> _Task to carry out_
Copy the entries below exactly. Images do not belong in the copy.
** Opening Listed entries block **
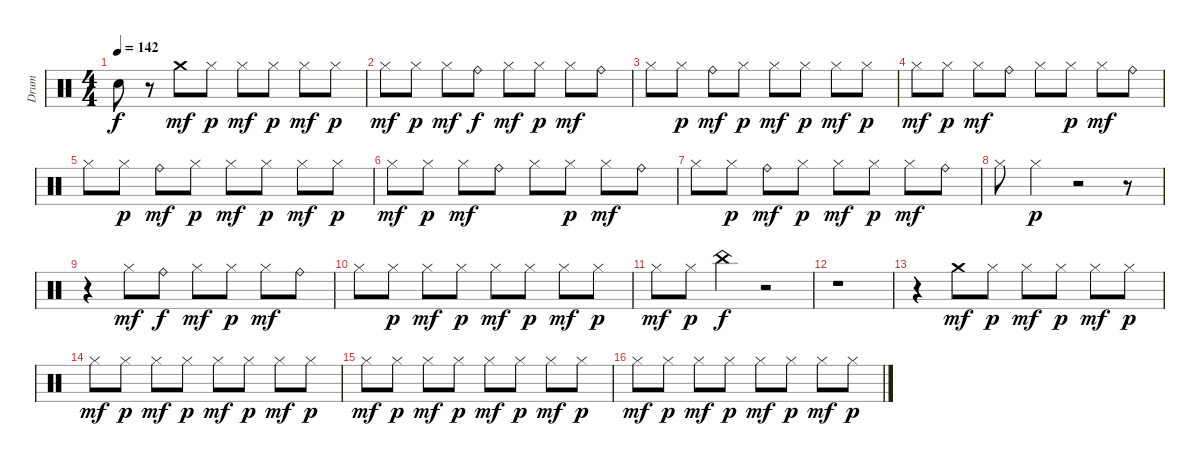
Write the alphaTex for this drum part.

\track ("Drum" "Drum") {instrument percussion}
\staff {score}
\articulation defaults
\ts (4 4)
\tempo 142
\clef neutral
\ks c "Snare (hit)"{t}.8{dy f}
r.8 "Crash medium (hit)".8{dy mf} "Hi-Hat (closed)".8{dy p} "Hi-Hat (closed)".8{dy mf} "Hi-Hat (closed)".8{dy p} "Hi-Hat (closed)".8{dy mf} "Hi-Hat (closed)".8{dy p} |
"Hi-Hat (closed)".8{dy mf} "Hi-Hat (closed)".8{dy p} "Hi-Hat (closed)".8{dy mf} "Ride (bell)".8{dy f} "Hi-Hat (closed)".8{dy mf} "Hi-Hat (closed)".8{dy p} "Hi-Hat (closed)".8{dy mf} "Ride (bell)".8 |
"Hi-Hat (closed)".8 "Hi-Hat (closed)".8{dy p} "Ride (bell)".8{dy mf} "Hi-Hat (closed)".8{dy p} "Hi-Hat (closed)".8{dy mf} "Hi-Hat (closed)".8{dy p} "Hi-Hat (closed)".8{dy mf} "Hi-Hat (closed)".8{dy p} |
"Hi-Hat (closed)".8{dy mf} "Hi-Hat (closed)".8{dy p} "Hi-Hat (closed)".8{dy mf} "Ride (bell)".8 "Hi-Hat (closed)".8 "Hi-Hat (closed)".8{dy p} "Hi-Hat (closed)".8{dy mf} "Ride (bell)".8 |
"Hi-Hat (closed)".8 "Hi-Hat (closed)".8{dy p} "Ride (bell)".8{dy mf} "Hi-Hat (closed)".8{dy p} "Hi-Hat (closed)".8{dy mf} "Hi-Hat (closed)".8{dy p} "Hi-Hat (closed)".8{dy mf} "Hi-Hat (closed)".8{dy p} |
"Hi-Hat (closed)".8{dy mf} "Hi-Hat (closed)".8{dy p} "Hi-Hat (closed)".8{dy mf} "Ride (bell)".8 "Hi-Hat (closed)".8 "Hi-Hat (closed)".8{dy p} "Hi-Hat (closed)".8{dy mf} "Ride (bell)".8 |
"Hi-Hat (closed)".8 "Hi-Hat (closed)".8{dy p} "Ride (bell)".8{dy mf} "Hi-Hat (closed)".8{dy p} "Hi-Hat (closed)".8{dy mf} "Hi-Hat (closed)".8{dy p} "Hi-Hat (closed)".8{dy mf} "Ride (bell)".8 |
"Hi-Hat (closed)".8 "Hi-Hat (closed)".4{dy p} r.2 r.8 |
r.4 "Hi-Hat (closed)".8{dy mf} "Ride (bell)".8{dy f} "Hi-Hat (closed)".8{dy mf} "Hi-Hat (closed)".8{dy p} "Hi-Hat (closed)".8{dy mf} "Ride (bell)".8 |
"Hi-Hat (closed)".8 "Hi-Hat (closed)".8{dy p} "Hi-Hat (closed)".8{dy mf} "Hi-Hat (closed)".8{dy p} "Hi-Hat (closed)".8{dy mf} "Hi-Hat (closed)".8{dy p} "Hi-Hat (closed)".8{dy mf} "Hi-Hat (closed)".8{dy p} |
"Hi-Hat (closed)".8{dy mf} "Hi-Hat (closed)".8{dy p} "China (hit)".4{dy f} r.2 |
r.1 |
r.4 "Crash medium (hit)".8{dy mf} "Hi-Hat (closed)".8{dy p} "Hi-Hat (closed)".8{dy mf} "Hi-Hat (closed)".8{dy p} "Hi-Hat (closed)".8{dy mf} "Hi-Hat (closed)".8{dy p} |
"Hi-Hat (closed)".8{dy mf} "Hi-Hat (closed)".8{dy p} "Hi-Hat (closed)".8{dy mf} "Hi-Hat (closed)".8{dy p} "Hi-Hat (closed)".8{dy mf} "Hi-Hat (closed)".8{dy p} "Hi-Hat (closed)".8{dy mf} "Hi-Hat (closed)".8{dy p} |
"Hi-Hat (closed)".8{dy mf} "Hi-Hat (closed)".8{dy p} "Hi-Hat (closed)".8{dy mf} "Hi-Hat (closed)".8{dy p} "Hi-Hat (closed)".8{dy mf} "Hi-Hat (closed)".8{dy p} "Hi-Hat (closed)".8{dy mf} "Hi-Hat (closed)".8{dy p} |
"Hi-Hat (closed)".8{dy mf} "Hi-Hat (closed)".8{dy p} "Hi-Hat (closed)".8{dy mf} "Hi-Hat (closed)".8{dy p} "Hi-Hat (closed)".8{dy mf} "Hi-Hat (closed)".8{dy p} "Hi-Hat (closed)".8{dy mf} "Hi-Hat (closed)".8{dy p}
** Closing Listed entries block **
> _Answer section_
Write the alphaTex for this drum part.

\track ("Drum" "Drum") {instrument percussion}
\staff {score}
\articulation defaults
\ts (4 4)
\tempo 142
\clef neutral
\ks c "Snare (hit)"{t}.8{dy f}
r.8 "Crash medium (hit)".8{dy mf} "Hi-Hat (closed)".8{dy p} "Hi-Hat (closed)".8{dy mf} "Hi-Hat (closed)".8{dy p} "Hi-Hat (closed)".8{dy mf} "Hi-Hat (closed)".8{dy p} |
"Hi-Hat (closed)".8{dy mf} "Hi-Hat (closed)".8{dy p} "Hi-Hat (closed)".8{dy mf} "Ride (bell)".8{dy f} "Hi-Hat (closed)".8{dy mf} "Hi-Hat (closed)".8{dy p} "Hi-Hat (closed)".8{dy mf} "Ride (bell)".8 |
"Hi-Hat (closed)".8 "Hi-Hat (closed)".8{dy p} "Ride (bell)".8{dy mf} "Hi-Hat (closed)".8{dy p} "Hi-Hat (closed)".8{dy mf} "Hi-Hat (closed)".8{dy p} "Hi-Hat (closed)".8{dy mf} "Hi-Hat (closed)".8{dy p} |
"Hi-Hat (closed)".8{dy mf} "Hi-Hat (closed)".8{dy p} "Hi-Hat (closed)".8{dy mf} "Ride (bell)".8 "Hi-Hat (closed)".8 "Hi-Hat (closed)".8{dy p} "Hi-Hat (closed)".8{dy mf} "Ride (bell)".8 |
"Hi-Hat (closed)".8 "Hi-Hat (closed)".8{dy p} "Ride (bell)".8{dy mf} "Hi-Hat (closed)".8{dy p} "Hi-Hat (closed)".8{dy mf} "Hi-Hat (closed)".8{dy p} "Hi-Hat (closed)".8{dy mf} "Hi-Hat (closed)".8{dy p} |
"Hi-Hat (closed)".8{dy mf} "Hi-Hat (closed)".8{dy p} "Hi-Hat (closed)".8{dy mf} "Ride (bell)".8 "Hi-Hat (closed)".8 "Hi-Hat (closed)".8{dy p} "Hi-Hat (closed)".8{dy mf} "Ride (bell)".8 |
"Hi-Hat (closed)".8 "Hi-Hat (closed)".8{dy p} "Ride (bell)".8{dy mf} "Hi-Hat (closed)".8{dy p} "Hi-Hat (closed)".8{dy mf} "Hi-Hat (closed)".8{dy p} "Hi-Hat (closed)".8{dy mf} "Ride (bell)".8 |
"Hi-Hat (closed)".8 "Hi-Hat (closed)".4{dy p} r.2 r.8 |
r.4 "Hi-Hat (closed)".8{dy mf} "Ride (bell)".8{dy f} "Hi-Hat (closed)".8{dy mf} "Hi-Hat (closed)".8{dy p} "Hi-Hat (closed)".8{dy mf} "Ride (bell)".8 |
"Hi-Hat (closed)".8 "Hi-Hat (closed)".8{dy p} "Hi-Hat (closed)".8{dy mf} "Hi-Hat (closed)".8{dy p} "Hi-Hat (closed)".8{dy mf} "Hi-Hat (closed)".8{dy p} "Hi-Hat (closed)".8{dy mf} "Hi-Hat (closed)".8{dy p} |
"Hi-Hat (closed)".8{dy mf} "Hi-Hat (closed)".8{dy p} "China (hit)".4{dy f} r.2 |
r.1 |
r.4 "Crash medium (hit)".8{dy mf} "Hi-Hat (closed)".8{dy p} "Hi-Hat (closed)".8{dy mf} "Hi-Hat (closed)".8{dy p} "Hi-Hat (closed)".8{dy mf} "Hi-Hat (closed)".8{dy p} |
"Hi-Hat (closed)".8{dy mf} "Hi-Hat (closed)".8{dy p} "Hi-Hat (closed)".8{dy mf} "Hi-Hat (closed)".8{dy p} "Hi-Hat (closed)".8{dy mf} "Hi-Hat (closed)".8{dy p} "Hi-Hat (closed)".8{dy mf} "Hi-Hat (closed)".8{dy p} |
"Hi-Hat (closed)".8{dy mf} "Hi-Hat (closed)".8{dy p} "Hi-Hat (closed)".8{dy mf} "Hi-Hat (closed)".8{dy p} "Hi-Hat (closed)".8{dy mf} "Hi-Hat (closed)".8{dy p} "Hi-Hat (closed)".8{dy mf} "Hi-Hat (closed)".8{dy p} |
"Hi-Hat (closed)".8{dy mf} "Hi-Hat (closed)".8{dy p} "Hi-Hat (closed)".8{dy mf} "Hi-Hat (closed)".8{dy p} "Hi-Hat (closed)".8{dy mf} "Hi-Hat (closed)".8{dy p} "Hi-Hat (closed)".8{dy mf} "Hi-Hat (closed)".8{dy p}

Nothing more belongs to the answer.